» **WHAT YOU ARE ASKED TO DO**: When a line below contains the word "cuboid", copy that line.

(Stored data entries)
= Beginning of Section =

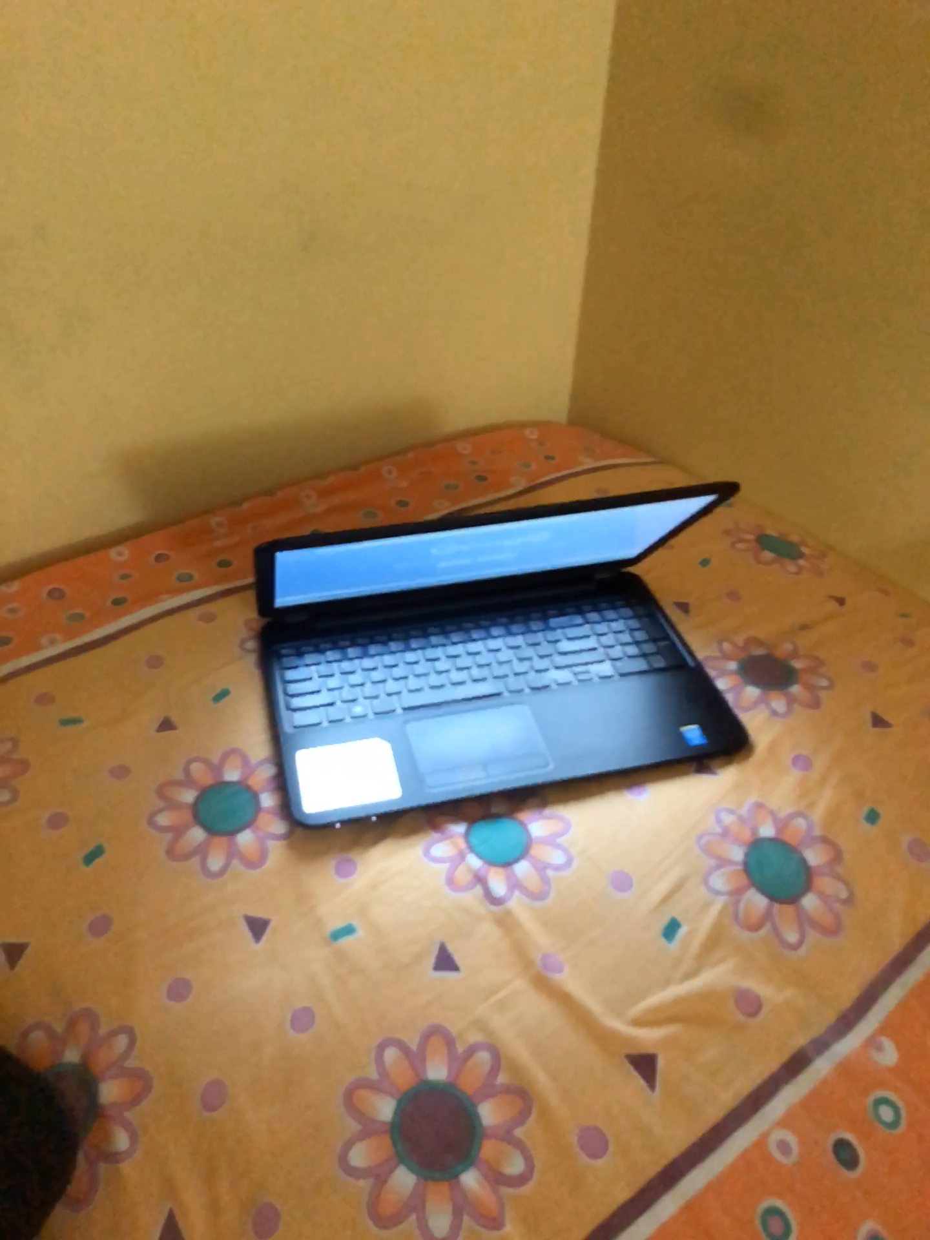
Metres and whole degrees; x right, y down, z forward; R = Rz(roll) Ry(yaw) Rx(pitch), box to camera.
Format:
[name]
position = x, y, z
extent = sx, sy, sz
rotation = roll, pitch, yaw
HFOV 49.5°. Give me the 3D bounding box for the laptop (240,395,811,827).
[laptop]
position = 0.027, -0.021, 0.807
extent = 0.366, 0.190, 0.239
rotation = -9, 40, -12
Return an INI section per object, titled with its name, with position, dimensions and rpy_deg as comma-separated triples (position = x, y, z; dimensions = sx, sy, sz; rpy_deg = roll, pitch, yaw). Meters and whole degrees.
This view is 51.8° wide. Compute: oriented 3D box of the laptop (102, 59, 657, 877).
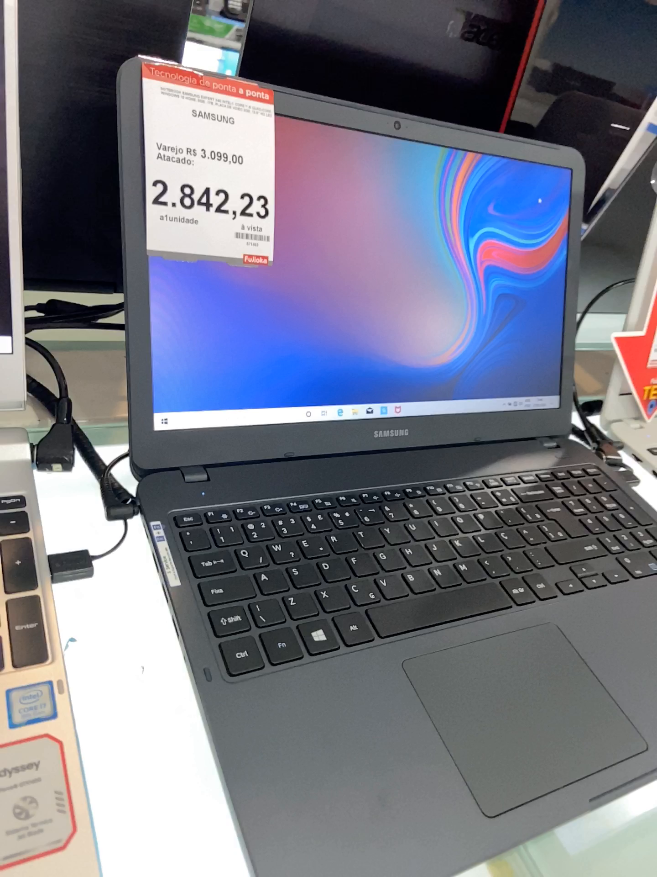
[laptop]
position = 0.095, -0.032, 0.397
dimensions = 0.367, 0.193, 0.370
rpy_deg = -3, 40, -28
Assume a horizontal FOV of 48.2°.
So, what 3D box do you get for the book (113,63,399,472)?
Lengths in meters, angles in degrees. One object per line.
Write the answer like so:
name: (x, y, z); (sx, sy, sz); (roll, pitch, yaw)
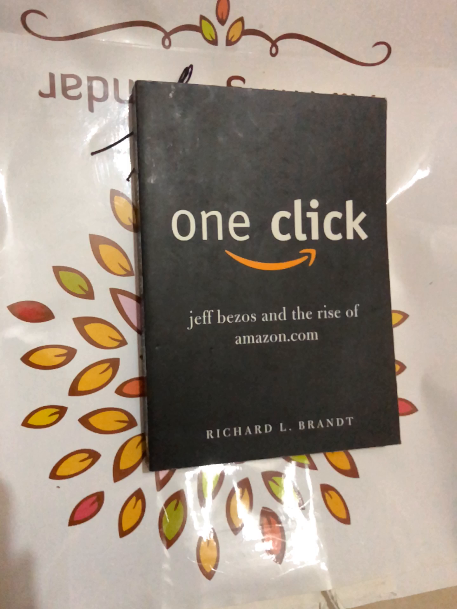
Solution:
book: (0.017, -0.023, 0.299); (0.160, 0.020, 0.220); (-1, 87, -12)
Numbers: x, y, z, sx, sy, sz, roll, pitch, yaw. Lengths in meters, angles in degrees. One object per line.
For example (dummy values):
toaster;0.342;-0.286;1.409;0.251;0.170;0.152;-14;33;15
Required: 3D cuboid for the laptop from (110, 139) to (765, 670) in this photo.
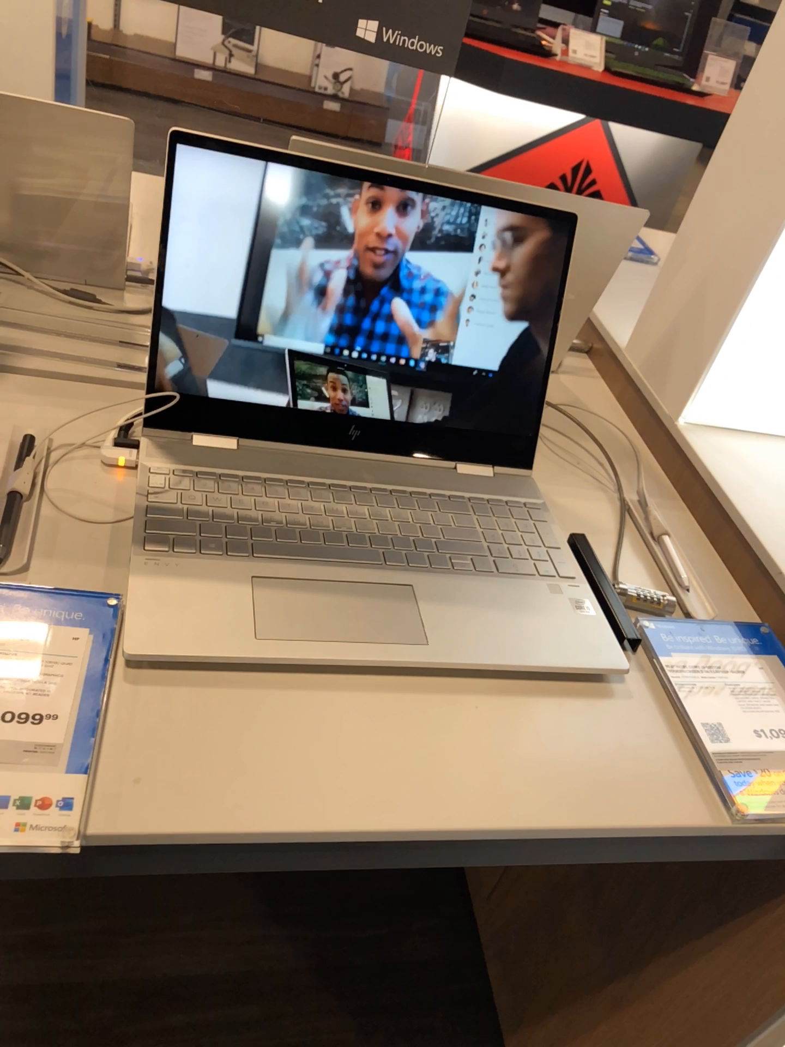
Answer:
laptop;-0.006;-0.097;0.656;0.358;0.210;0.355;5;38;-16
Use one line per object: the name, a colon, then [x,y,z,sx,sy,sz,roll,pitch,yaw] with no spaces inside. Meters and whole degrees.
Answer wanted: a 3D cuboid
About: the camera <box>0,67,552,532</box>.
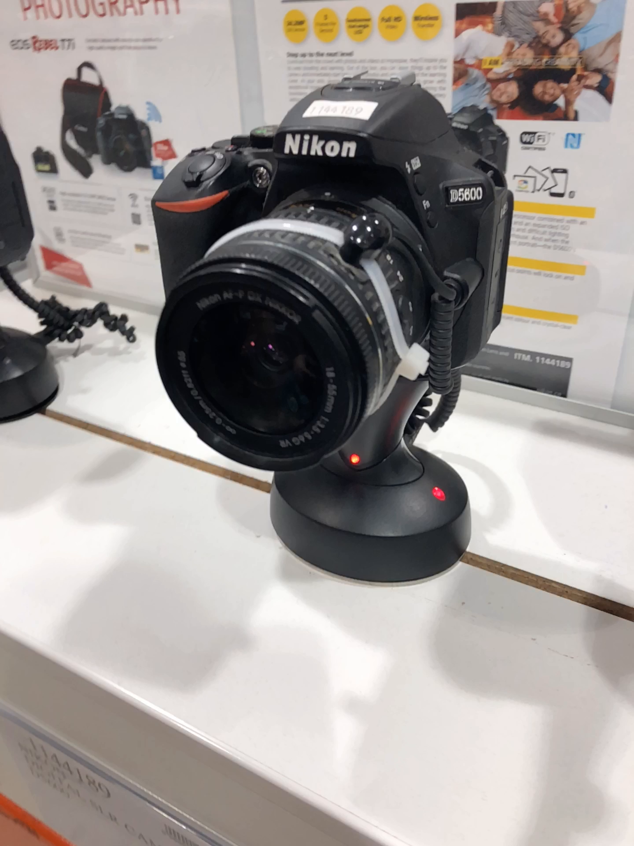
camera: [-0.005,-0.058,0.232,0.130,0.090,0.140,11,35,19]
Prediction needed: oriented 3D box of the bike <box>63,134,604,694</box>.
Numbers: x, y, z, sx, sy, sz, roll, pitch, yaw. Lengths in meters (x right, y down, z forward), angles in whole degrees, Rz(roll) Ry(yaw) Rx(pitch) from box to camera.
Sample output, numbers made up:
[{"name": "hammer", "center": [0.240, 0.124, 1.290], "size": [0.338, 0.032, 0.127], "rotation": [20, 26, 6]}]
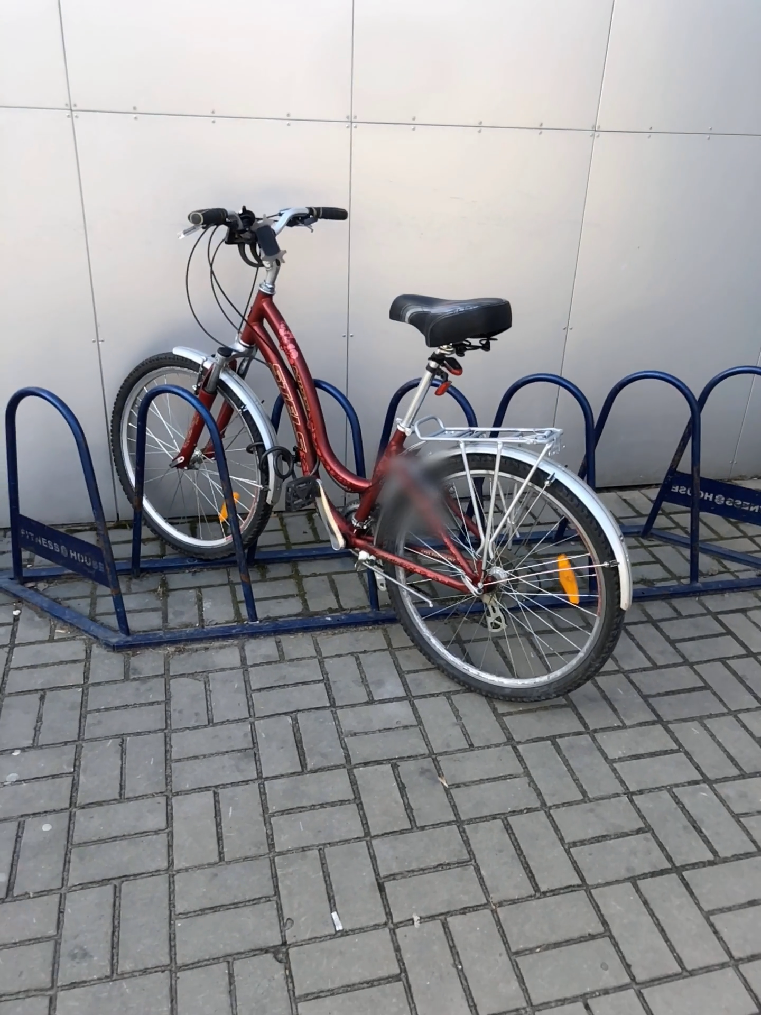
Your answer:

= End of Section =

» **TASK RESPONSE**:
Required: 3D cuboid for the laptop from (110, 139) to (765, 670) in this photo.
Answer wanted: a 3D cuboid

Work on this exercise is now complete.